→ Assignment: Look through the data below and, wherever a line carries the word "Step", please copy that line.

→ Supplied entries:
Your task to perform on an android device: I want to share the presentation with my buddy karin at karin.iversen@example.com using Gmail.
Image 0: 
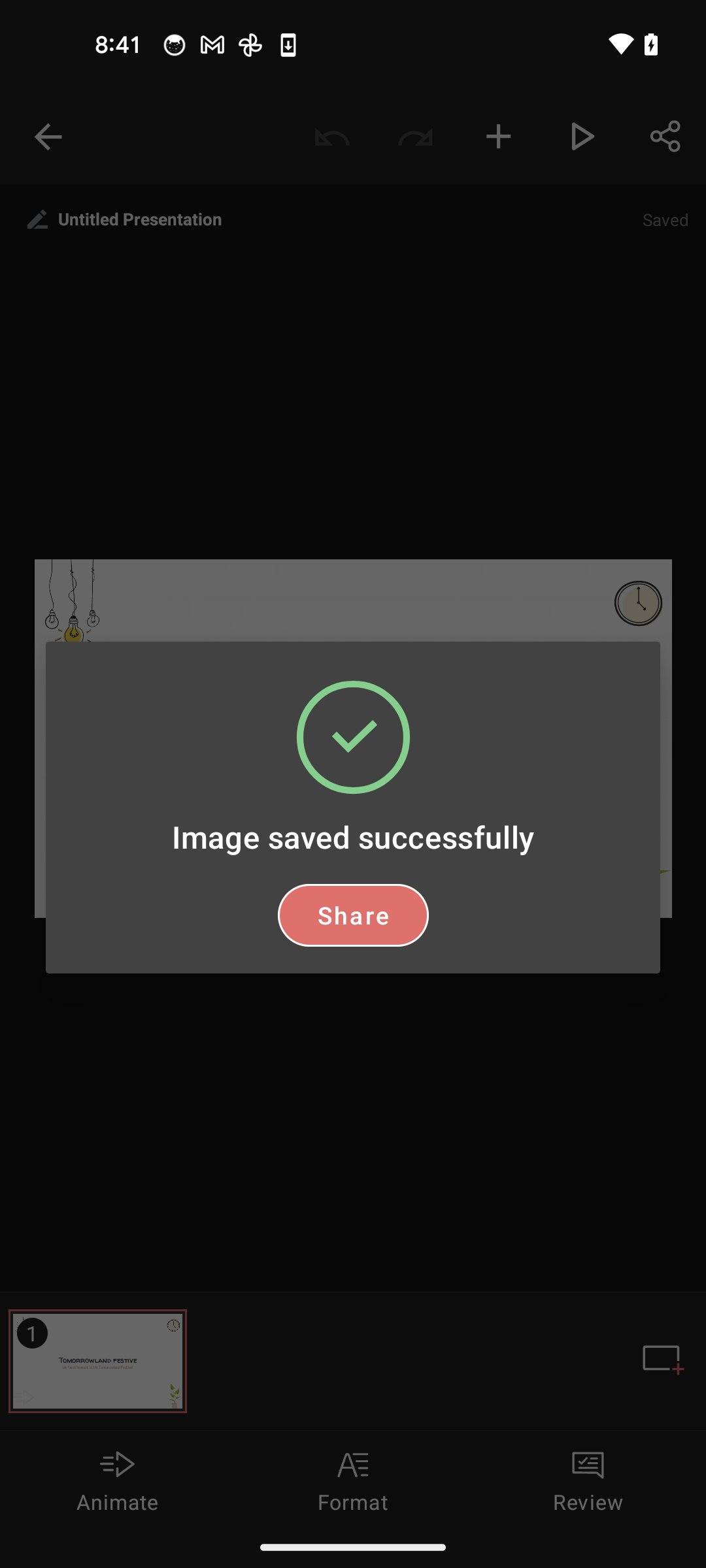
Tap on the share button
Step 0: click (353, 915)
Image 1: 
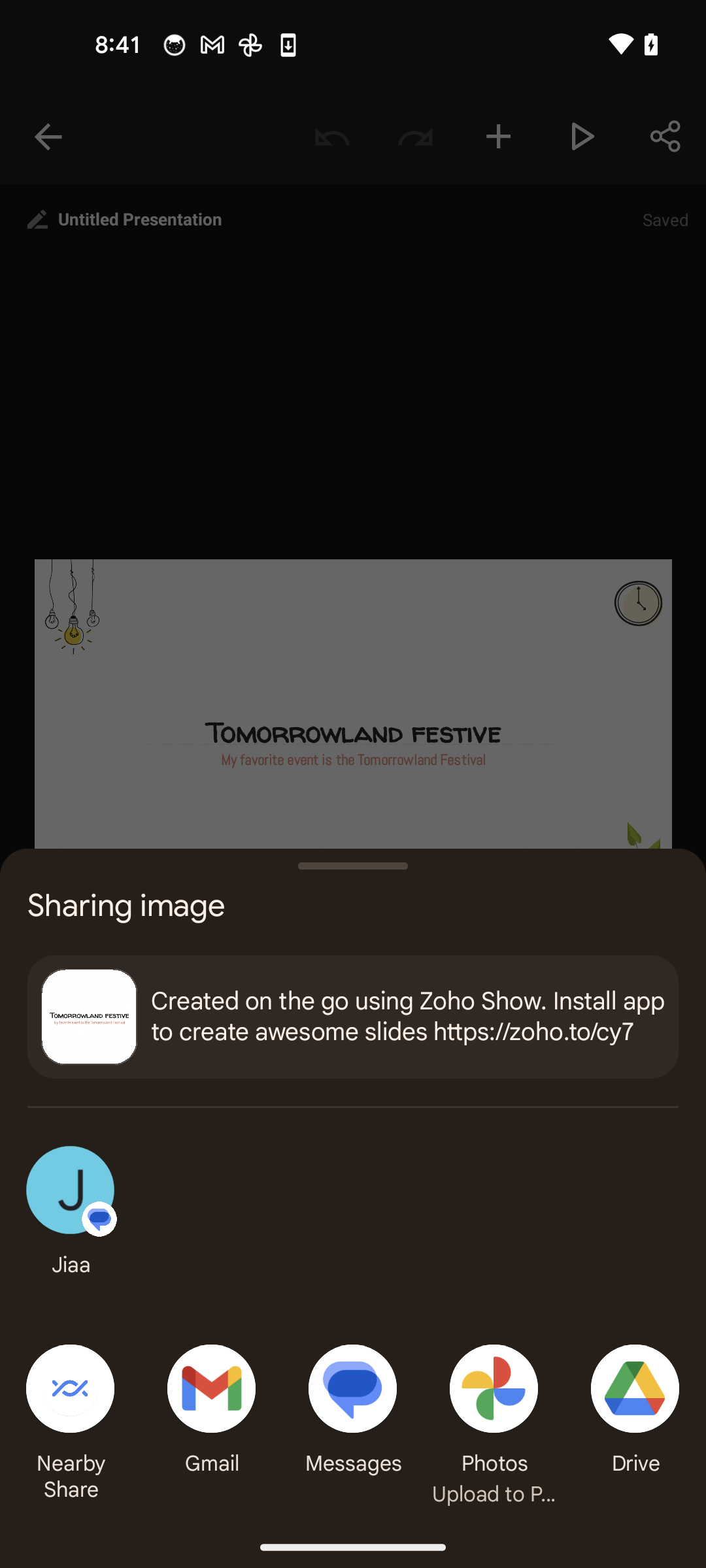
Select the gmail option
Step 1: click (211, 1388)
Image 2: 
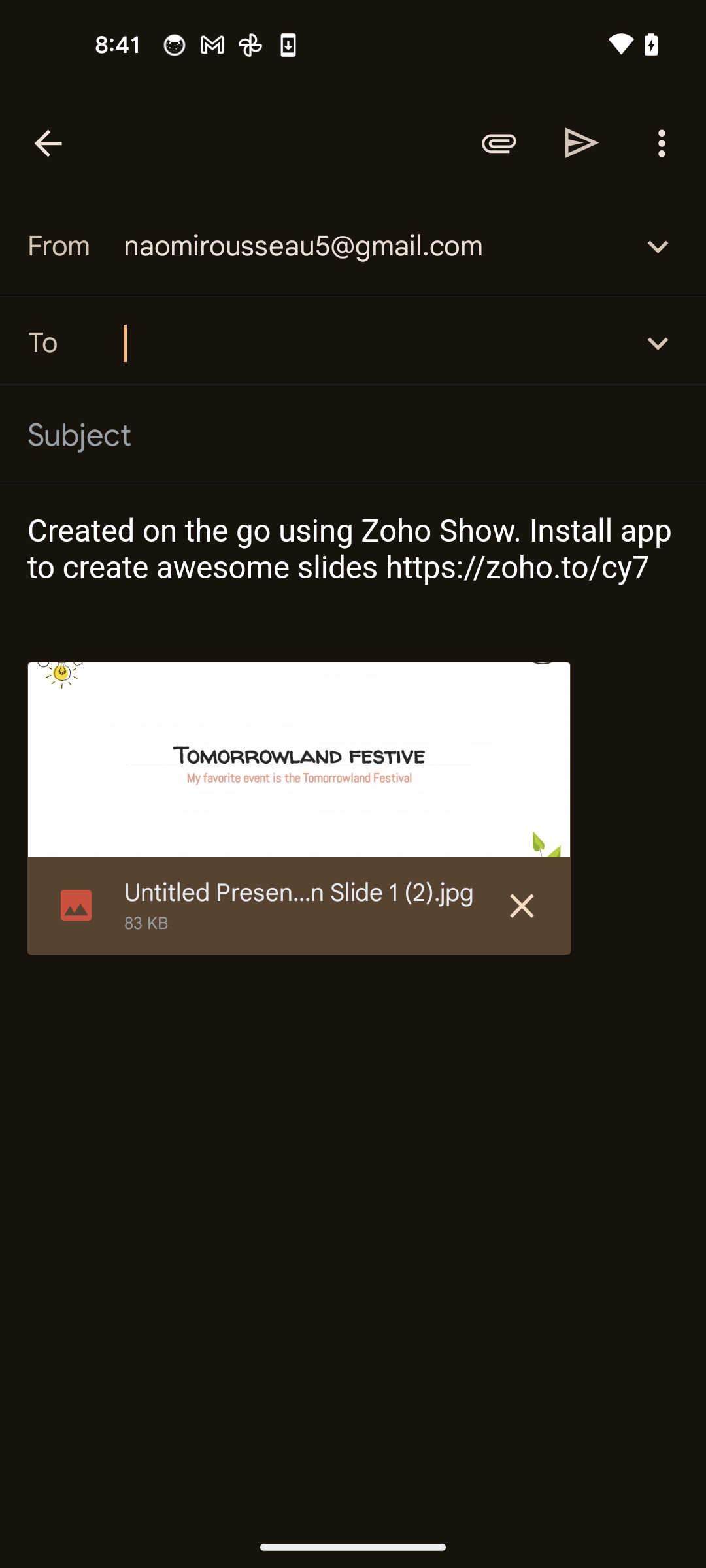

→ Answer below:
Step 0: click (353, 915)
Step 1: click (211, 1388)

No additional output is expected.